No, it was that the answers could be seen. A whole new way of thinking had opened before them.
They pressed closer, eyes bright with awe.
“Scholar,” one said reverently, “grant us your name, that we may honor the one who brought such wisdom.”
All of them nodded, eager, expectant.
I froze. My throat worked, but no sound came. Names have weight, and I wasn’t ready to start another “new saint” situation, remembering how Cleric Jaime introduced me to sergeant Edmund.
Then, like a gift from my own past self, the distraction arrived.
A mob of red, squat, echidna-shaped abominations waddled through the doorway, clicking their tongues and shrieking, “DO YOU KNOW THE WAY?”
The scholars groaned in unison.
“What are those pests!” called one scholar.

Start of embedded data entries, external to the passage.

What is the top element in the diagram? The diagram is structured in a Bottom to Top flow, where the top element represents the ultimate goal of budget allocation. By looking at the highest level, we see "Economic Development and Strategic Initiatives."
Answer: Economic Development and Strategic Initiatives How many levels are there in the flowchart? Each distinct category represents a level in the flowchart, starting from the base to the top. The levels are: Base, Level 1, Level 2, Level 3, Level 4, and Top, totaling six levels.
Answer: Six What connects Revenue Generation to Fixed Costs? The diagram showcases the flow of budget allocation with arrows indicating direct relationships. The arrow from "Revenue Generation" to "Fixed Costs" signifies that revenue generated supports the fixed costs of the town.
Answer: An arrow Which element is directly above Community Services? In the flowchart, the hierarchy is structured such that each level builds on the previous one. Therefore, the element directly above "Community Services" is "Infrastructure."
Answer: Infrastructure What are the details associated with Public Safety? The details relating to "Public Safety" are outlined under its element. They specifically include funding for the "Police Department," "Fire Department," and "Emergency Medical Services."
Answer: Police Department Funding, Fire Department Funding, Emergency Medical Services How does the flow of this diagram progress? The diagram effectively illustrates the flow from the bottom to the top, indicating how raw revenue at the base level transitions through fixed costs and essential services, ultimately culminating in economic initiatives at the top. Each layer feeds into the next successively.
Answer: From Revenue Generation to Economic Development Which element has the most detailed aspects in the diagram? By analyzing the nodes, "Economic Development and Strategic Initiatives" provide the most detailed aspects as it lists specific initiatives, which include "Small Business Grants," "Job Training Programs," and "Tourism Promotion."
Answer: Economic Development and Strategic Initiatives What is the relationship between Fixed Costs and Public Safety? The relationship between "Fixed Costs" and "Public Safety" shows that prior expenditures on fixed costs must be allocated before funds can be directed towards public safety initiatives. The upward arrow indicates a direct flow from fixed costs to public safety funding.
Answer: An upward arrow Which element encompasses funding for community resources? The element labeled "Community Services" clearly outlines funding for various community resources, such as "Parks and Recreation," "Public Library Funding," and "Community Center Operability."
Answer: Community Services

“Damned youth have no respect for scholars!” shouted another.
They immediately set about driving the creatures out with scrolls and inkpots, more annoyed than afraid.
I didn’t waste the chance.
With a thought, I shrank, my form compressing until my own hands became stubby, my face flat and round, my skin the same garish red. My voice rose to join the chorus:
“Do you know de wey?”
One of the scholars’ mouths gaped at how a knowledgeable person like myself dared to join in the mess of troublemakers. I didn’t care. I waddled with the rest, half-laughing at my own audacity, and vanished into the swarm, escaping without ever introducing myself.